Will Grannis, VP and CTO, Google Cloud: There are three things that are happening right now that I am extremely interested in and excited about and in many ways, I think, reflects how the cloud -- the cloud market itself has reset itself in the AI era.

And that is, number one, the list of companies today that we just briefly talked about, they’re in almost every industry, every size, almost every use case you can imagine. And so the access that’s being created to advance computation is really, really staggering.

I have two daughters, 21 and 17, and they’re in school -- various schools, in college and high school right now. And they’re able to utilize Generative AI sometimes with authorization, sometimes without authorization, because the next generation does find ways around.

But they’re leveraging these tools and asking questions and getting answers, and they have access to, like, the world’s knowledge in a way that’s been distilled and synthesized so that they don’t have to try to ask 5,000 questions. Because if any of you are raising kids, you know that they give up after not getting the answer to the first or the second question.

And so now there’s this democratization and access to the most advanced computation that I’ve seen in my career, and it’s just happening in a way that feels almost invisible and really easy to use. And that’s happening at kind of the individual level.

Then there is this massive wave of discovery happening. For those of you that are following AlphaFold and the second generation of AlphaFold, that has already had a dramatic impact on how we think about the building blocks of life and how treatments could be envisioned and might be envisioned in the future in precision medicine, for example, which is something I’m very excited about.

I mentioned scientific discovery outside of our planet and the thing with exoplanets. Well, if any of you have heard of this organization called the B612 Foundation, they went and took these computational tools and AI, and they went and found asteroids just from old data. Not anything new, not new telemetry. But they found asteroids using some -- the first versions, they had to, like, literally look at images and use experts to try to figure out whether that constitutes an asteroid. And now they’ve found hundreds in a very quick period of time.

And you can think about the ramifications of being able to characterize potential existential threats in that way in the future is just so profound.

And then also kind of the third one that I think a lot about is you have medicine and you have space. But then we also have just in the last week, DeepMind at Google has released a way of characterizing crystal structures, millions of new simulated crystalline structures which might someday power the next wave of development of artificial crystals for semiconductors, solar power and the rest.

And so the pace and the cadence of these discoveries is so quick, is so rapid. And I met -- I am in such a wonderful place to be that I get to see the convergence of the research, the computational realism. And these organizations who might only be dozens of people, that now they have the output of an organization 10 to 20 times their size. It’s really just an incredible time to be a technologist.
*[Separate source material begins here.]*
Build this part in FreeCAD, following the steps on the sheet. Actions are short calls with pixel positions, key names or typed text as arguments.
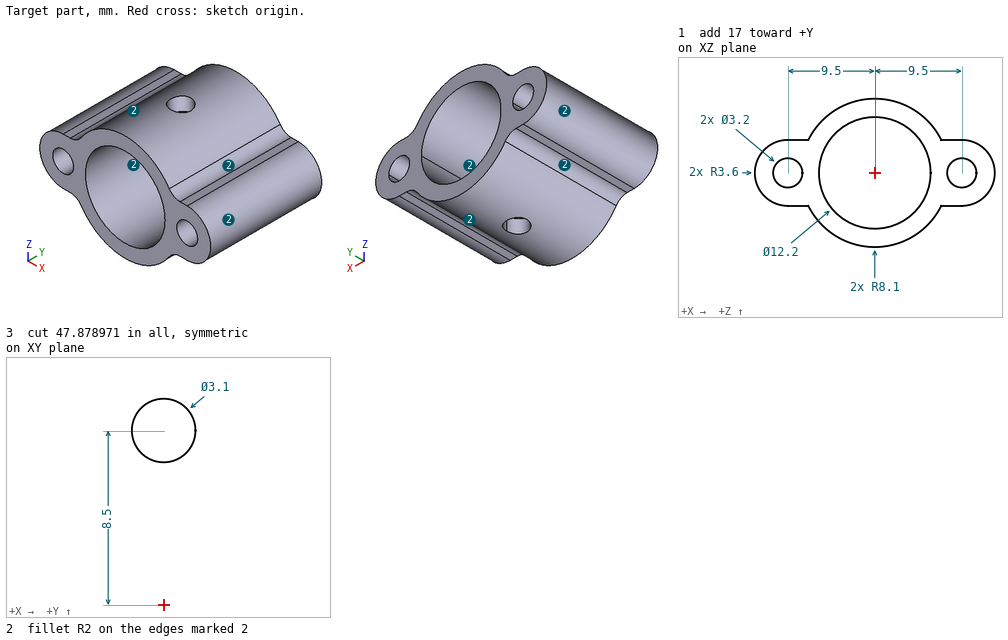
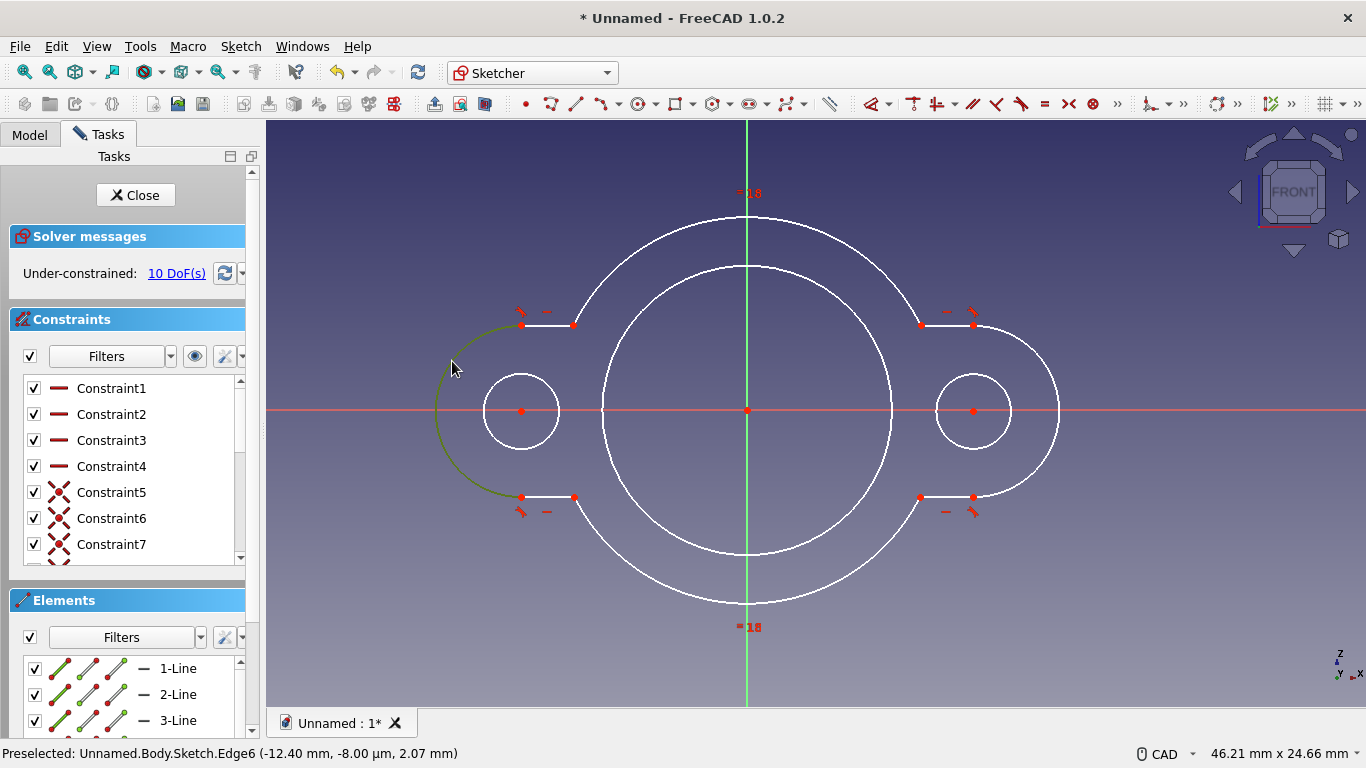
click(1043, 462)

Steve Sparkes, Scotiabank: It really is. And I think it’s also a time for us to consider what are the unique characteristics of any company, what is it that they sell, what is it that they produce, how do they do that.
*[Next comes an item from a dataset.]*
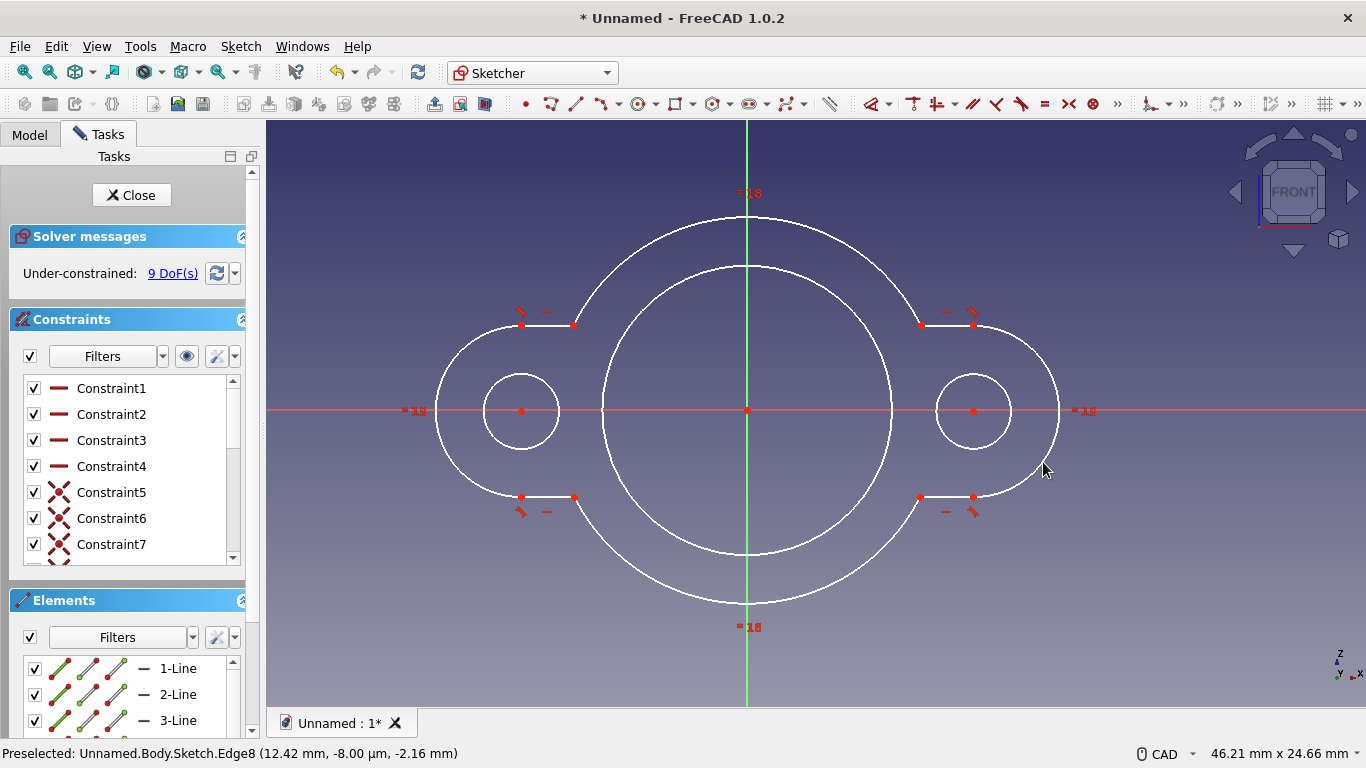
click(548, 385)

And I think we’re going to be facing the question of if Gen AI can deal with a lot of the basic toil in knowledge worker tasks, is it going to be like a calculator that lets people focus on value-add, or does it just make us stupid over time and do we lose the ability to innovate? And is it the friction and the toil that actually creates that struggle? Does it create new ideas and innovation? And I don’t think we’re going to know the answer to that one for a little while, but it’s going to be an amazing journey.

And, Will, I just want to thank you so much for the time today.

Will Grannis, VP and CTO, Google Cloud: Real pleasure, Steve. Thanks to all of you for being here as well.

Steve Sparkes, Scotiabank: Thanks, everybody.